Desk Posture

 

When working in an office for long periods of time it can be difficult to avoid the pitfalls of sitting and slouching. When slouching, the chin juts forward, the shoulders are rounded, and the natural curves in the spine are lost. Being in this position for prolonged periods causes compensatory shortness and excessive load on the muscles of the neck and shoulders. This causes stiffness and pain in the surrounding areas, possibly leading to headaches and compression on vital nerves and blood vessels.
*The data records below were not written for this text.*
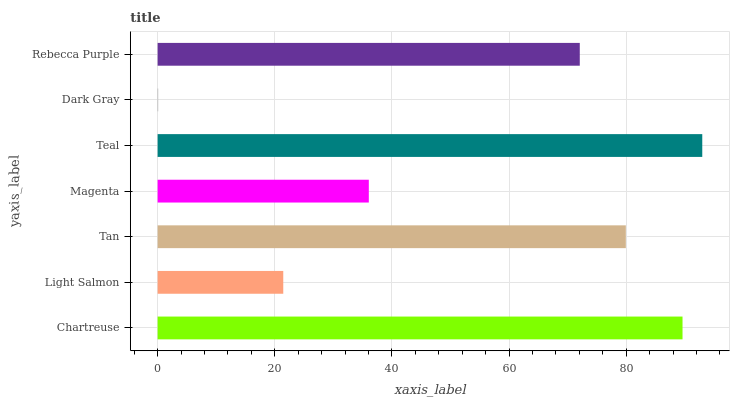Is Dark Gray the minimum?
Answer yes or no. Yes. Is Teal the maximum?
Answer yes or no. Yes. Is Light Salmon the minimum?
Answer yes or no. No. Is Light Salmon the maximum?
Answer yes or no. No. Is Chartreuse greater than Light Salmon?
Answer yes or no. Yes. Is Light Salmon less than Chartreuse?
Answer yes or no. Yes. Is Light Salmon greater than Chartreuse?
Answer yes or no. No. Is Chartreuse less than Light Salmon?
Answer yes or no. No. Is Rebecca Purple the high median?
Answer yes or no. Yes. Is Rebecca Purple the low median?
Answer yes or no. Yes. Is Dark Gray the high median?
Answer yes or no. No. Is Dark Gray the low median?
Answer yes or no. No.

Sitting with your chair too low, with the knees higher than the hips, decreases the angle at the hip joint. This position puts pressure on the discs of the spine and encourages hunching over, as well as general lower back pain.


To prevent office niggles and muscle imbalance a safer posture should be adopted. The feet should rest flat on the floor, whilst the chair is at a height that allows the knees to fall below the hips. Shoulders should be relaxed back and down, over the hips, with the head stacked vertically on top. The spine should follow its natural curves, chest proud, with the elbows relaxed by the side. If possible, the wrists should be in line of the forearm, parallel to the floor, without over extension (this can be helped with mouse and keyboard rests). You may find the use of a standing/kneeling desk helps if you’re prone to getting stuck in an unnatural position. (PRO TIP, I like to sit on an exercise ball whilst at my desk. The ball improves posture, allows for movement of the pelvis and spine and also can strengthen your core!)

Ultimately, sitting in any position correct or otherwise, for long periods reduces blood flow to certain areas causing discomfort and irritation. The best advice is to take frequent microbreaks. Get up, walk around, stretch.. Get that blood moving!